PROBLEM DETAILS:
Reproduce all records word for word.

──────── RECORDS PROVIDED ────────

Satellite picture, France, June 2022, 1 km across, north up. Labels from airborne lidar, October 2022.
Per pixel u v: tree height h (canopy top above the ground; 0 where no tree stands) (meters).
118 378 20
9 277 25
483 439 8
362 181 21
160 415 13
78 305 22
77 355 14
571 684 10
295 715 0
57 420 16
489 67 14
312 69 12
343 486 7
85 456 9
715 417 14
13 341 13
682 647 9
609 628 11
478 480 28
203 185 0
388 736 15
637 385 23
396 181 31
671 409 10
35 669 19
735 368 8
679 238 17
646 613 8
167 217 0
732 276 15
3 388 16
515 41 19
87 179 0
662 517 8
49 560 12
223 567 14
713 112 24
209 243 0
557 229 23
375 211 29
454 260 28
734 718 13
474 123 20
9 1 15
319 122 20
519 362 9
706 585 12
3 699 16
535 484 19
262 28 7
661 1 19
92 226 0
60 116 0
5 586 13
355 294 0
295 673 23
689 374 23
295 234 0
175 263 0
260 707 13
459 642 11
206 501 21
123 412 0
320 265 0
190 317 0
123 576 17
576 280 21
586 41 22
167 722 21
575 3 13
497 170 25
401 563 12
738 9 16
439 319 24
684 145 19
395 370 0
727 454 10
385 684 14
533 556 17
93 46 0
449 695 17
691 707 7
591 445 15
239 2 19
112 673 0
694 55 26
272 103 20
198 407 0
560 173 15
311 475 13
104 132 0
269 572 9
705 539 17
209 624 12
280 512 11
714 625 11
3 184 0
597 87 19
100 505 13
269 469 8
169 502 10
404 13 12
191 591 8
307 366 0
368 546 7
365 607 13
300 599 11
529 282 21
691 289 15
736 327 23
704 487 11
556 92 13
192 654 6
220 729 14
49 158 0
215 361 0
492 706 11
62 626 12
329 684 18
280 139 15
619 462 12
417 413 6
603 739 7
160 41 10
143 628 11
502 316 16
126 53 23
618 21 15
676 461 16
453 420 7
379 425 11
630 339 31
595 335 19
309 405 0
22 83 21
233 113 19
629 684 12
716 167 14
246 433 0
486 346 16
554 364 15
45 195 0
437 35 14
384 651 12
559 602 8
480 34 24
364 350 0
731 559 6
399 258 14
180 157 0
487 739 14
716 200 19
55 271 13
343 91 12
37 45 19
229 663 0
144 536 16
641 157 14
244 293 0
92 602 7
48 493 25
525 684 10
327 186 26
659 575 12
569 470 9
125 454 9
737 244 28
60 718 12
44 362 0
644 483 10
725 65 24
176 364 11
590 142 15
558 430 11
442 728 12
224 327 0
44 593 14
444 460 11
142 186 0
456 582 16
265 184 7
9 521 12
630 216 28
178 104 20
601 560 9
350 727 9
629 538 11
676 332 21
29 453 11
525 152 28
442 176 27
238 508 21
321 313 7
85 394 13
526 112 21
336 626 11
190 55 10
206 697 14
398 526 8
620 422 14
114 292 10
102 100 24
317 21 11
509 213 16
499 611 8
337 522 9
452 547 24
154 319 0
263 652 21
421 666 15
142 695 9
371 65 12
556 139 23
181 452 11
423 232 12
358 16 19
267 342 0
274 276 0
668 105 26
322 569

────────

TASK RESULT:
Satellite picture, France, June 2022, 1 km across, north up. Labels from airborne lidar, October 2022.
Per pixel u v: tree height h (canopy top above the ground; 0 where no tree stands) (meters).
118 378 20
9 277 25
483 439 8
362 181 21
160 415 13
78 305 22
77 355 14
571 684 10
295 715 0
57 420 16
489 67 14
312 69 12
343 486 7
85 456 9
715 417 14
13 341 13
682 647 9
609 628 11
478 480 28
203 185 0
388 736 15
637 385 23
396 181 31
671 409 10
35 669 19
735 368 8
679 238 17
646 613 8
167 217 0
732 276 15
3 388 16
515 41 19
87 179 0
662 517 8
49 560 12
223 567 14
713 112 24
209 243 0
557 229 23
375 211 29
454 260 28
734 718 13
474 123 20
9 1 15
319 122 20
519 362 9
706 585 12
3 699 16
535 484 19
262 28 7
661 1 19
92 226 0
60 116 0
5 586 13
355 294 0
295 673 23
689 374 23
295 234 0
175 263 0
260 707 13
459 642 11
206 501 21
123 412 0
320 265 0
190 317 0
123 576 17
576 280 21
586 41 22
167 722 21
575 3 13
497 170 25
401 563 12
738 9 16
439 319 24
684 145 19
395 370 0
727 454 10
385 684 14
533 556 17
93 46 0
449 695 17
691 707 7
591 445 15
239 2 19
112 673 0
694 55 26
272 103 20
198 407 0
560 173 15
311 475 13
104 132 0
269 572 9
705 539 17
209 624 12
280 512 11
714 625 11
3 184 0
597 87 19
100 505 13
269 469 8
169 502 10
404 13 12
191 591 8
307 366 0
368 546 7
365 607 13
300 599 11
529 282 21
691 289 15
736 327 23
704 487 11
556 92 13
192 654 6
220 729 14
49 158 0
215 361 0
492 706 11
62 626 12
329 684 18
280 139 15
619 462 12
417 413 6
603 739 7
160 41 10
143 628 11
502 316 16
126 53 23
618 21 15
676 461 16
453 420 7
379 425 11
630 339 31
595 335 19
309 405 0
22 83 21
233 113 19
629 684 12
716 167 14
246 433 0
486 346 16
554 364 15
45 195 0
437 35 14
384 651 12
559 602 8
480 34 24
364 350 0
731 559 6
399 258 14
180 157 0
487 739 14
716 200 19
55 271 13
343 91 12
37 45 19
229 663 0
144 536 16
641 157 14
244 293 0
92 602 7
48 493 25
525 684 10
327 186 26
659 575 12
569 470 9
125 454 9
737 244 28
60 718 12
44 362 0
644 483 10
725 65 24
176 364 11
590 142 15
558 430 11
442 728 12
224 327 0
44 593 14
444 460 11
142 186 0
456 582 16
265 184 7
9 521 12
630 216 28
178 104 20
601 560 9
350 727 9
629 538 11
676 332 21
29 453 11
525 152 28
442 176 27
238 508 21
321 313 7
85 394 13
526 112 21
336 626 11
190 55 10
206 697 14
398 526 8
620 422 14
114 292 10
102 100 24
317 21 11
509 213 16
499 611 8
337 522 9
452 547 24
154 319 0
263 652 21
421 666 15
142 695 9
371 65 12
556 139 23
181 452 11
423 232 12
358 16 19
267 342 0
274 276 0
668 105 26
322 569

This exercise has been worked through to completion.